Social-practice visual artist Suzanne Brennan Firstenberg’s medium of choice is empathy. She champions human dignity through the topics she explores, including homelessness, gun safety, politics, and drug addiction.

She grounds her work in research, reading, and interviews. Then, she chooses materials best suited to communicating her messages. Firstenberg ventures beyond traditional media, employing buffalo skulls from her native South Dakota, concrete rubble, even shipping containers to effect social change. Her artworks lure viewers with beautiful aesthetics, then deliver their powerful messages.

She represented the United States at the 2016 Harbin (China) International Ice Sculpting Competition, winning the Creativity Prize. For her Empty Fix art series to destigmatize drug addiction, she traveled more than 57,000 miles, interviewing hundreds of people. Images of her art have appeared in the press on six continents.

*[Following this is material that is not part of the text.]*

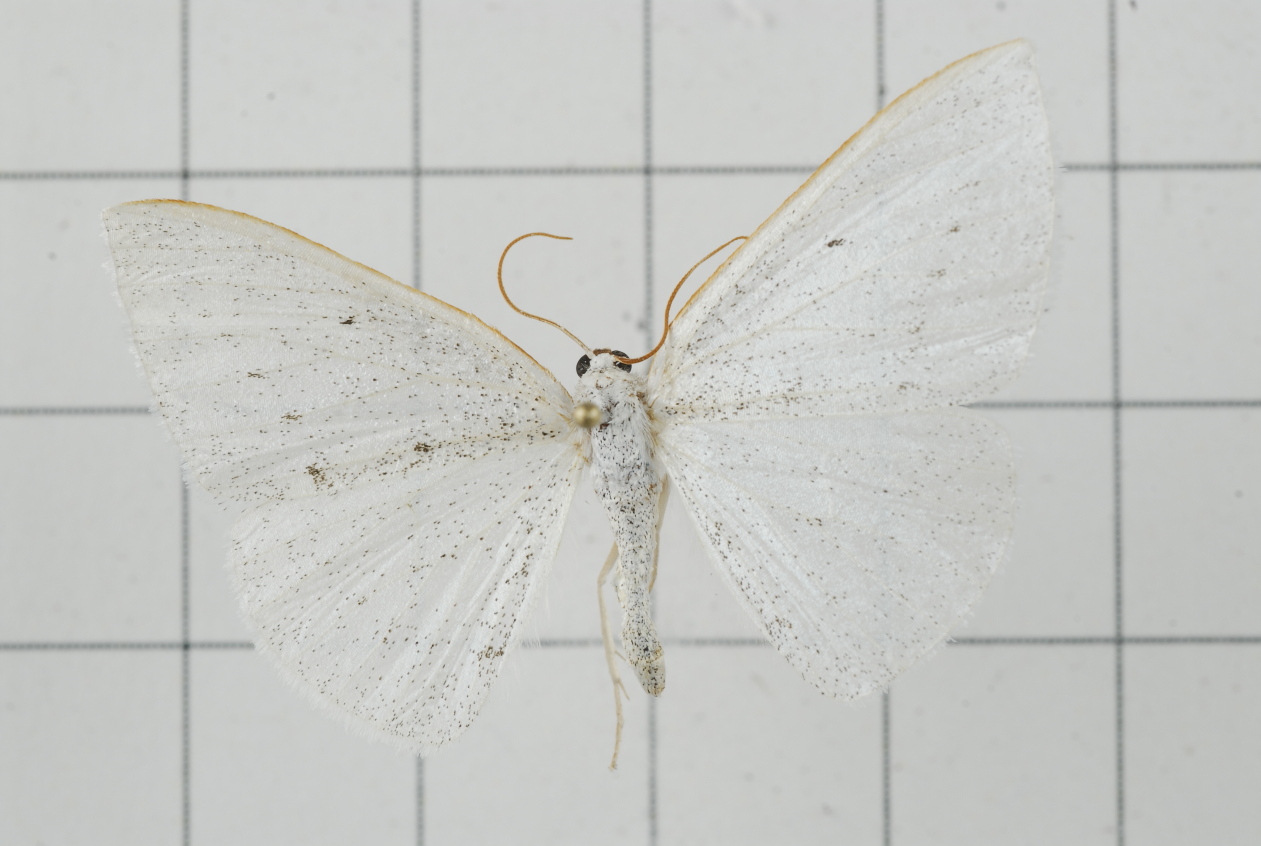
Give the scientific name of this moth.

Her latest work, In America: Remember, an art installation of over 700,000 white flags honoring those lost to COVID, appeared on the National Mall in September 2021 and is being replicated in communities across the country. Google included the art in its “2021 Year in Search.” Artsy Magazine honored this as one of twelve worldwide exhibitions considered the “Best Public Art for 2021.” Washingtonian Magazine named Firstenberg as a “Washingtonian of the Year.”

 

Christine Keeves, MPH

A proud child of immigrants, Christine Keeves grew up in New York City and was the first in her family to attend college. She holds a Bachelor of Science from The George Washington University and a Master of Public Health from Boston University. For more than 15 years, she has successfully leveraged storytelling, advocacy, and health communications to secure progress on a range of issues from health care to LGBTQ+ rights. Since co-founding Marked By COVID in June 2020, Keeves has co-led the movement for COVID justice and remembrance, transforming our pandemic failures into a roadmap for a more inclusive, equitable world.

 

Linda Langston

Linda Langston is the former Director of Strategic Relations for the National Association of Counties (NACo) in Washington, DC, and presently leads a small business, Langston Strategies Group, assisting small not-for-profit organizations and local governments with leadership and resilience building. Langston previously served as an elected official on the Linn County, Iowa, Board of Supervisors from 2003-2016. She served on the NACo Executive Committee and as President of NACo. Her presidential initiative was Ready and Resilient Counties, which led to the founding of the Resilient Counties Advisory Board at NACo.

She was named Iowa Public Health Official of the Year and to the Hall of Fame for International Women in Emergency Management.

Langston is the former chair of the Resilient America Roundtable for the National Academy of Sciences (member 2011-2020) and serves on the Societal Experts Advisory Network at NAS. She served six years on the National Advisory Council for the Federal Emergency Management Agency (FEMA).

Langston now serves as Vice Chair of the Linn County Public Art Commission, the City of Cedar Rapids City Planning Commission, and on the Linn Area Partners Active in Disaster (LAPAID). She continues to teach at the US War College and for FEMA as an adjunct instructor.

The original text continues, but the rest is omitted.